Ask HN: Has anyone used dual n-back and found an impact? - jeffshek
I&#x27;ve read through most of https:&#x2F;&#x2F;gwern.net&#x2F;DNB-FAQ. Looked at most of the published papers. Reddit is pretty silent on the matter. I&#x27;m curious if anyone here has trained dual n-back and found an impact in their day-to-day.<p>I&#x27;m debating (probably) of trying a daily dual n-back routine. My biased experiment is multiple online IQ tests and then doing an assessment after a month of daily dual n-back. Love to know if anyone has suggestions or anecdotal results.
======
ksaj
I'm really bad at working with numbers (I get computers to do that for me).

I read that the new Japanese craze "Sudoku" would fix all that. They claim it
is a good brain exercise.

Years later, I still suck at dealing with numbers (and still get computers to
do it for me) but I'm really good at Sudoku.

Useful? Only if Sudoku was my end goal. The skill hasn't impacted any of the
traditional targets you'd expect if you believe the mind games vendor claims.
And the skill is definitely not connected to math/numbers/etc or any part of
real life outside of personal entertainment.
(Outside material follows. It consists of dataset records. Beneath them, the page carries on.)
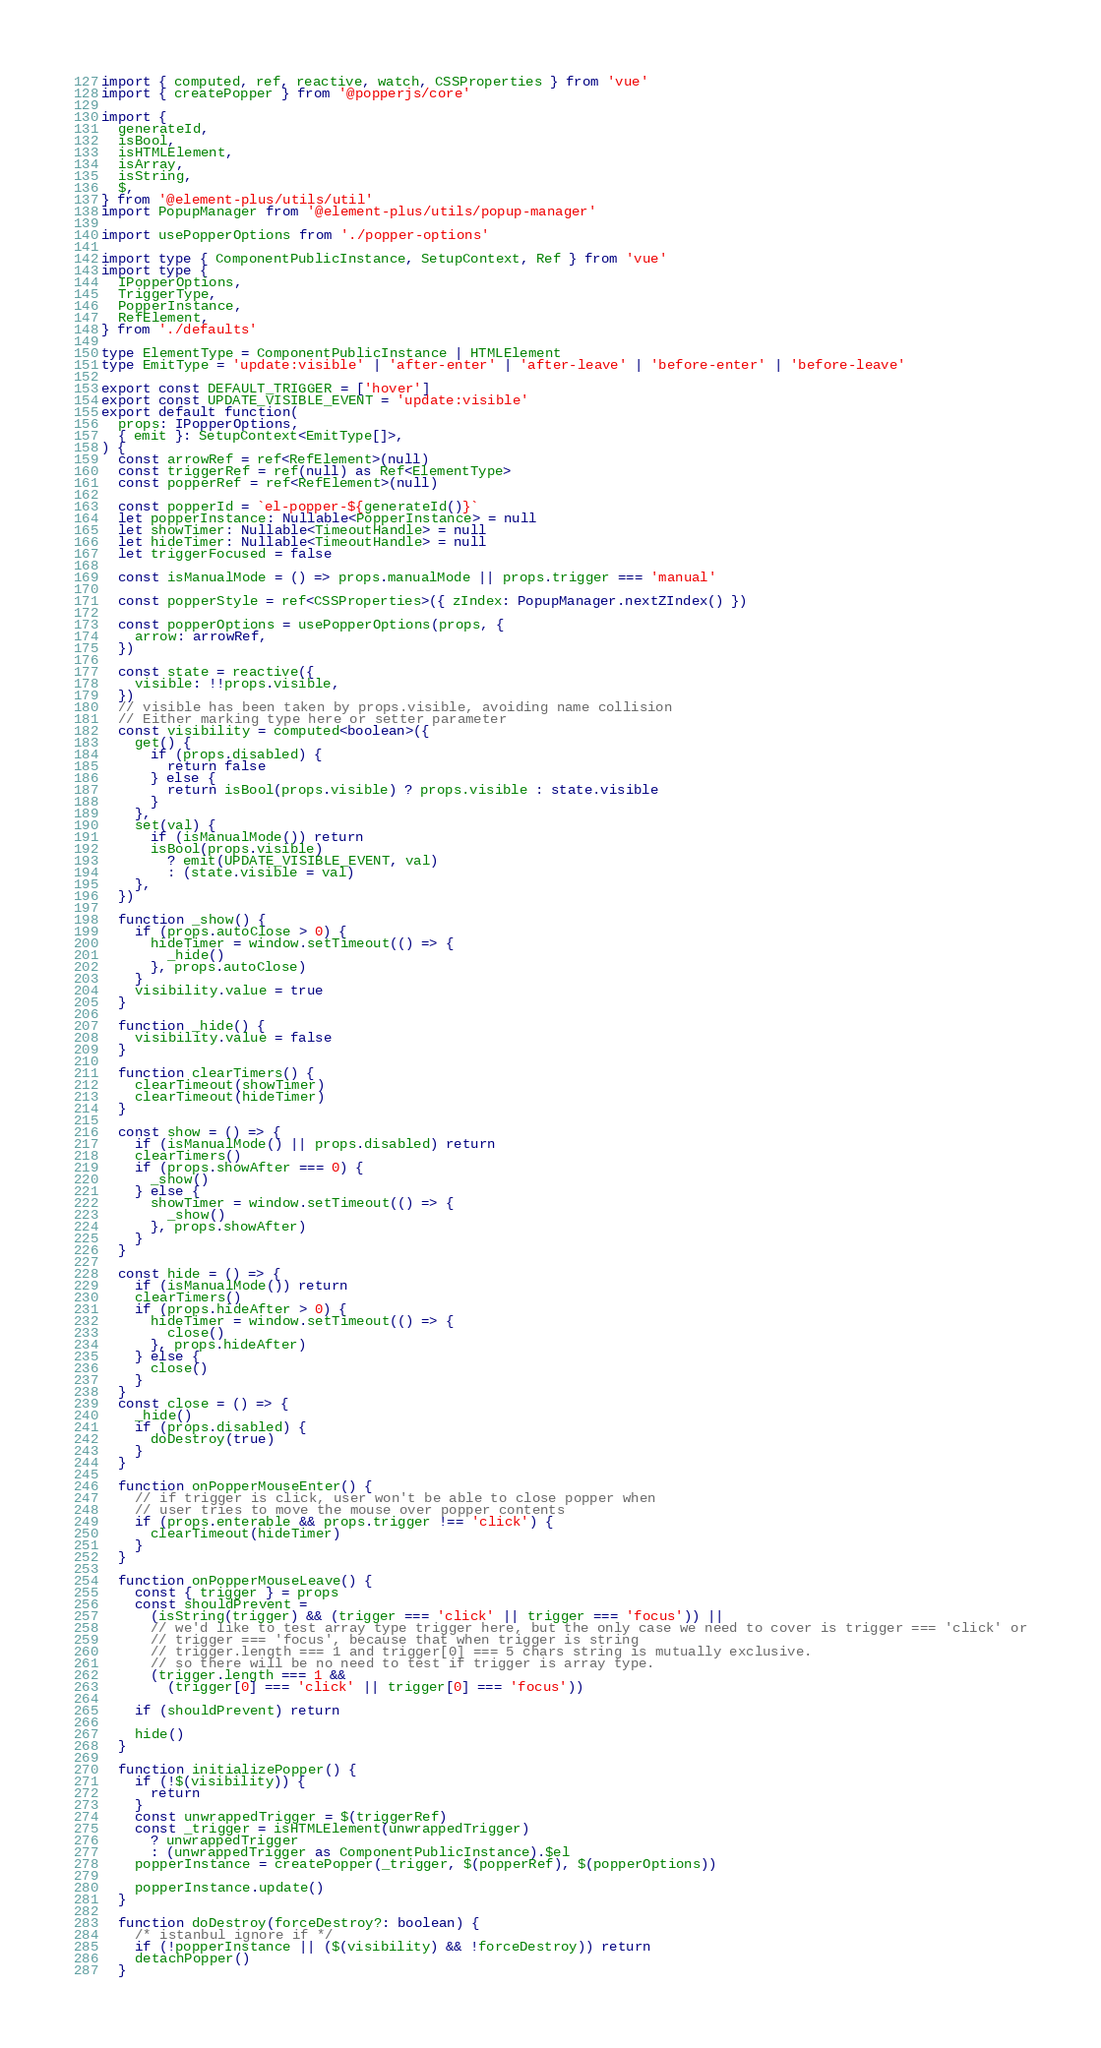<code> <loc_0><loc_0><loc_500><loc_500><_TypeScript_>import { computed, ref, reactive, watch, CSSProperties } from 'vue'
import { createPopper } from '@popperjs/core'

import {
  generateId,
  isBool,
  isHTMLElement,
  isArray,
  isString,
  $,
} from '@element-plus/utils/util'
import PopupManager from '@element-plus/utils/popup-manager'

import usePopperOptions from './popper-options'

import type { ComponentPublicInstance, SetupContext, Ref } from 'vue'
import type {
  IPopperOptions,
  TriggerType,
  PopperInstance,
  RefElement,
} from './defaults'

type ElementType = ComponentPublicInstance | HTMLElement
type EmitType = 'update:visible' | 'after-enter' | 'after-leave' | 'before-enter' | 'before-leave'

export const DEFAULT_TRIGGER = ['hover']
export const UPDATE_VISIBLE_EVENT = 'update:visible'
export default function(
  props: IPopperOptions,
  { emit }: SetupContext<EmitType[]>,
) {
  const arrowRef = ref<RefElement>(null)
  const triggerRef = ref(null) as Ref<ElementType>
  const popperRef = ref<RefElement>(null)

  const popperId = `el-popper-${generateId()}`
  let popperInstance: Nullable<PopperInstance> = null
  let showTimer: Nullable<TimeoutHandle> = null
  let hideTimer: Nullable<TimeoutHandle> = null
  let triggerFocused = false

  const isManualMode = () => props.manualMode || props.trigger === 'manual'

  const popperStyle = ref<CSSProperties>({ zIndex: PopupManager.nextZIndex() })

  const popperOptions = usePopperOptions(props, {
    arrow: arrowRef,
  })

  const state = reactive({
    visible: !!props.visible,
  })
  // visible has been taken by props.visible, avoiding name collision
  // Either marking type here or setter parameter
  const visibility = computed<boolean>({
    get() {
      if (props.disabled) {
        return false
      } else {
        return isBool(props.visible) ? props.visible : state.visible
      }
    },
    set(val) {
      if (isManualMode()) return
      isBool(props.visible)
        ? emit(UPDATE_VISIBLE_EVENT, val)
        : (state.visible = val)
    },
  })

  function _show() {
    if (props.autoClose > 0) {
      hideTimer = window.setTimeout(() => {
        _hide()
      }, props.autoClose)
    }
    visibility.value = true
  }

  function _hide() {
    visibility.value = false
  }

  function clearTimers() {
    clearTimeout(showTimer)
    clearTimeout(hideTimer)
  }

  const show = () => {
    if (isManualMode() || props.disabled) return
    clearTimers()
    if (props.showAfter === 0) {
      _show()
    } else {
      showTimer = window.setTimeout(() => {
        _show()
      }, props.showAfter)
    }
  }

  const hide = () => {
    if (isManualMode()) return
    clearTimers()
    if (props.hideAfter > 0) {
      hideTimer = window.setTimeout(() => {
        close()
      }, props.hideAfter)
    } else {
      close()
    }
  }
  const close = () => {
    _hide()
    if (props.disabled) {
      doDestroy(true)
    }
  }

  function onPopperMouseEnter() {
    // if trigger is click, user won't be able to close popper when
    // user tries to move the mouse over popper contents
    if (props.enterable && props.trigger !== 'click') {
      clearTimeout(hideTimer)
    }
  }

  function onPopperMouseLeave() {
    const { trigger } = props
    const shouldPrevent =
      (isString(trigger) && (trigger === 'click' || trigger === 'focus')) ||
      // we'd like to test array type trigger here, but the only case we need to cover is trigger === 'click' or
      // trigger === 'focus', because that when trigger is string
      // trigger.length === 1 and trigger[0] === 5 chars string is mutually exclusive.
      // so there will be no need to test if trigger is array type.
      (trigger.length === 1 &&
        (trigger[0] === 'click' || trigger[0] === 'focus'))

    if (shouldPrevent) return

    hide()
  }

  function initializePopper() {
    if (!$(visibility)) {
      return
    }
    const unwrappedTrigger = $(triggerRef)
    const _trigger = isHTMLElement(unwrappedTrigger)
      ? unwrappedTrigger
      : (unwrappedTrigger as ComponentPublicInstance).$el
    popperInstance = createPopper(_trigger, $(popperRef), $(popperOptions))

    popperInstance.update()
  }

  function doDestroy(forceDestroy?: boolean) {
    /* istanbul ignore if */
    if (!popperInstance || ($(visibility) && !forceDestroy)) return
    detachPopper()
  }
</code>

Replace the numbers with fruit or
emojis or whatever, and you quickly notice its an advanced pattern matching
game like they use to train parrots. A toddler's game re-jigged for adults.

Dual n-back is a hard game/puzzle/skill test, and I never used it because I
expect it to be more of the same. You might get good at the game, so do it if
you want to be good at that game. But we already know how focus works, so you
just might develope a strategy for this one way the puzzle purposely distracts
you. It doesn't translate to the real world. Try to come up with a real-world
situation that mimics dual n-back's mental process. There are some, but the
moment you change the objects and context, it all goes out the window.

I believe the "lab" results only prove people can answer questions better when
in a really focused state of mind, and _nothing_ more. No new skills added
outside a new strategy or two that don't affect your day-to-day.

tl;dr dual nback is the same as that audio jammer toy. You might master it,
but the moment someone changes the context (eg: inserting wrong words) you'll
be back to babbling like a buffoon.

------
usgroup
I think you’ll be wasting your time if you’re looking for actual impact on
your life. Try spaced repetition and/or incremental reading instead: they have
much clearer and more substantive effects that you can experience directly.

You can’t measure your IQ using online tests.